Yesterday when taking my measurements, I was just doing approximations by eyeing a sphere and metaball side by side. Today, I overlayed the two by setting each to the same position, and then adjusted the metaball generator’s target value parameter so that a sphere of scale 1 and and metaball of radius 1 perfectly overlapped each other. It turned out my target value needed a little refining. Once I set it to 2.54, a sphere of size 2 and a metaball of radius 2 perfectly overlapped, and same with 3 and 3, 4 and 4, etc. Here’s what overlapping looks like:
As you can see, the meshes render on top and below one another at different spots. Now that scale was accurate, I redid the tests from the night before, and found a linear relationship with the data!

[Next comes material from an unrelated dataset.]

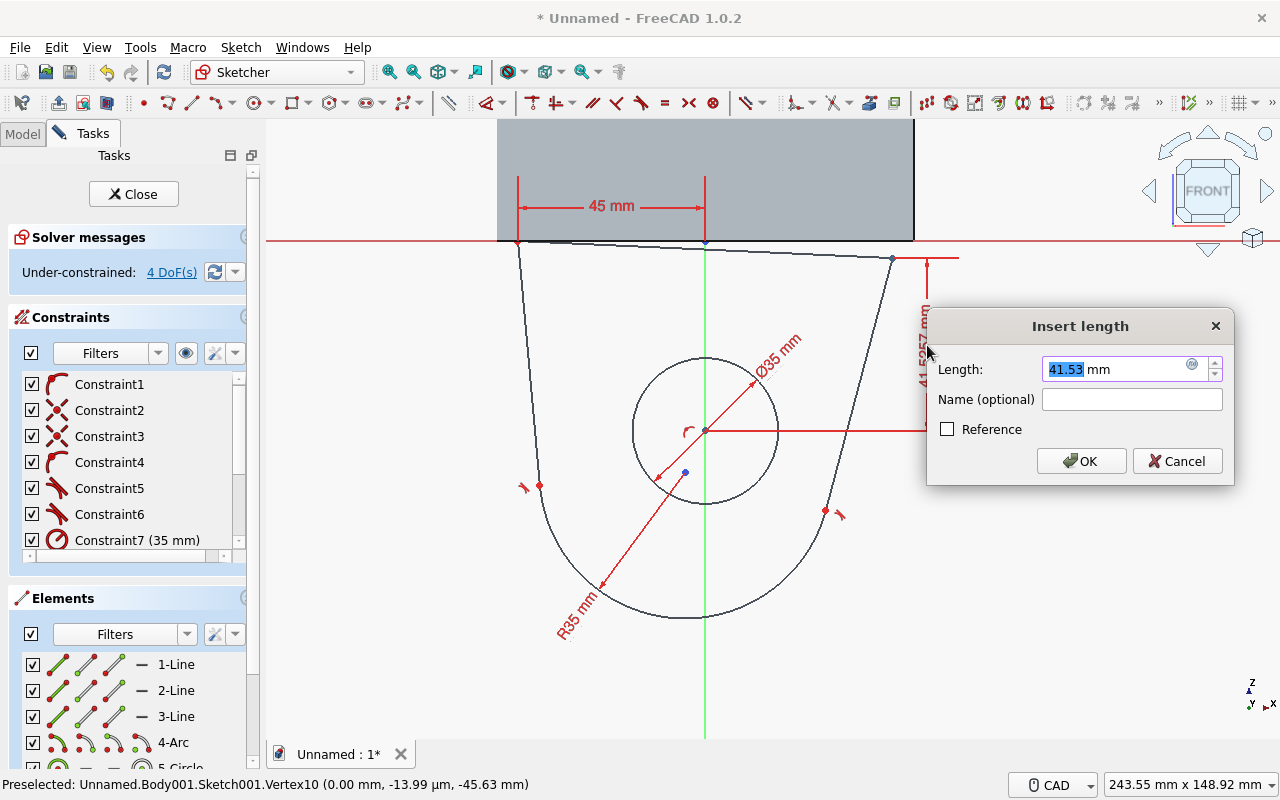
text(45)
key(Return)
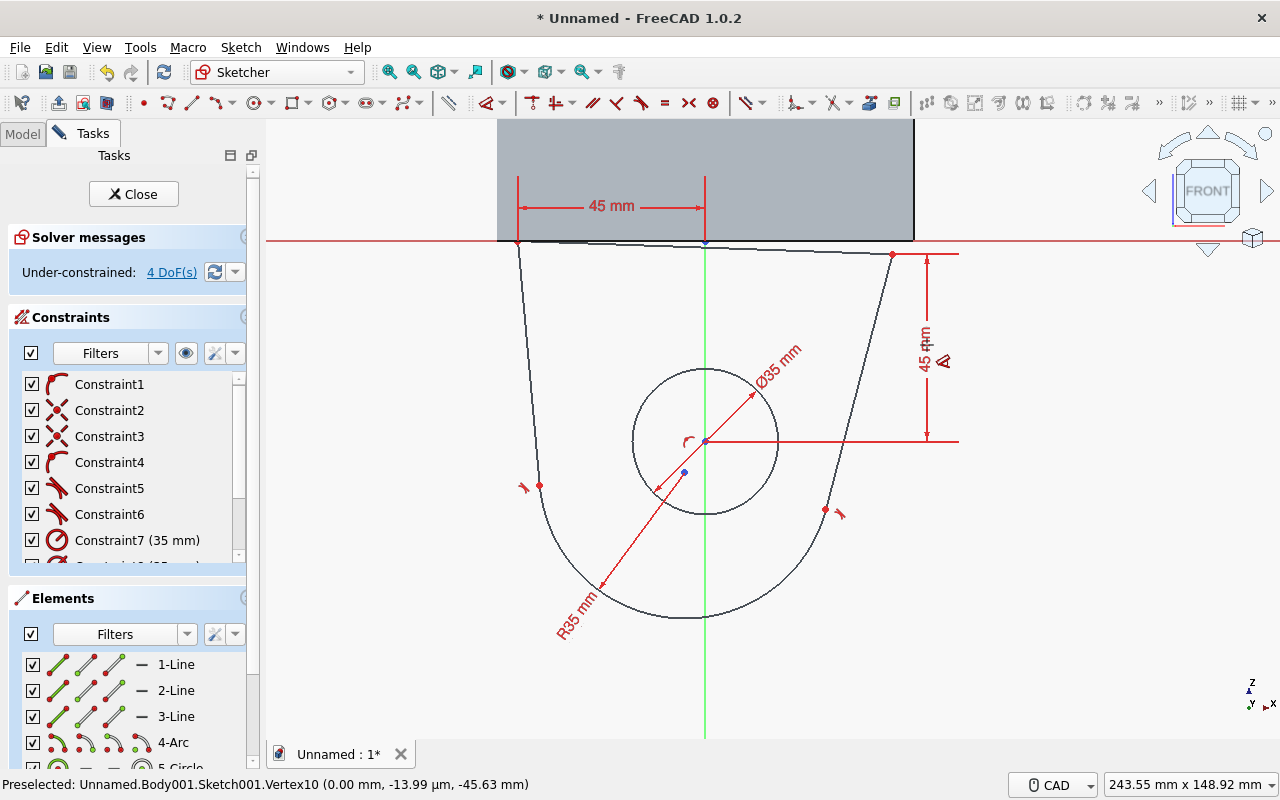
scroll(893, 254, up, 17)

| # Metaballs Merged | Init. Radius = 1 | Init. Radius = 2 | Init. Radius = 3 |
|---|---|---|---|
| 0 | 1 | 2 | 3 |
| 1 | 1.295 | 2.59 | 3.885 |
| 2 | 1.425 | 2.85 | 4.275 |
| 3 | 1.51 | 3.01 | 4.515 |
| 4 | 1.56 | 3.12 | 4.68 |
| 5 | 1.60 | 3.20 | 4.80 |
ChatGPT and Claude gave me two different formulas for plotting the data. ChatGPT used an exponential decay model
while Claude used a quadratic polynomial equation
Intuitively, ChatGPT’s logic makes more sense since the radii increases decrease as the number of metaballs merging together approaches infinity. The quadratic approach seems to work just fine, however, with the data I provided. Either way, the real issue is that while I can estimate the combined radius size for metaballs of the same radius, I have no idea how to do so for metaballs of different radii!
One idea I have is to just pretend all metaball radii in a merge are the size of the largest radius involved. Scaling might be a bit exaggerated, but I wanted to add additional scaling anyways. The good news is that when the Spherical Collision node’s radius is larger than the metaball’s radius, the particles conform the sphere’s larger radius shape without any distortion from the inner metaball.
Another thing I noticed is that when the collision sphere’s radius is set to slightly less than the metaball’s, it helps to remove attraction vortexes without introducing some of the weird pooling issues I wrote about in yesterday’s experiments.
If I make the collision sphere’s radius too low, the attraction vortexes return. And ergo the previous issue arises where I need to know the size of the metaball to determine what size to make the sphere. Ugh. I need to collect more data, this time between radii of different sizes.
At first, I tried manually collecting data. After tediously collecting 66 samples, I remembered that doing a task over and over again is something a computer should do instead of me.
I had ChatGPT write me an algorithm for getting the outer bounds of the metaball mesh. Then, I linked the size of a sphere at the same position with the bounds size. Unfortunately, due to the low resolution of the voxel grid and the way the algorithm worked, the reported bounds did not change at the same rate that I changed the scale. Instead, the bounds would step with the voxels in a jittery fashion.
My solution was to only document the individual metaball sizes when the combined bounds scale changed from its previous value.
Manually scaling the metaballs and logging their scale in a spreadsheet still consumed more time than I cared to spend, however, so I wrote code to automatically scale the metaballs randomly and write the data to a CSV file. Now we’re cookin’!
With all this data collected, I now hope to extract an equation from it that lets me input a set of radii sizes and return a combined mesh size. I’ve been taking a machine learning course—it’s time to put these new skills to work (next time I log on -_-)!
One thing that’s been annoying the hell out of me is the fact that I’ve lost my connection between Unity and Visual Studio. I think it’s been going on since I switched over to Cursor, but I can’t get it working in either application now. I need to fix this ASAP before doing anything else.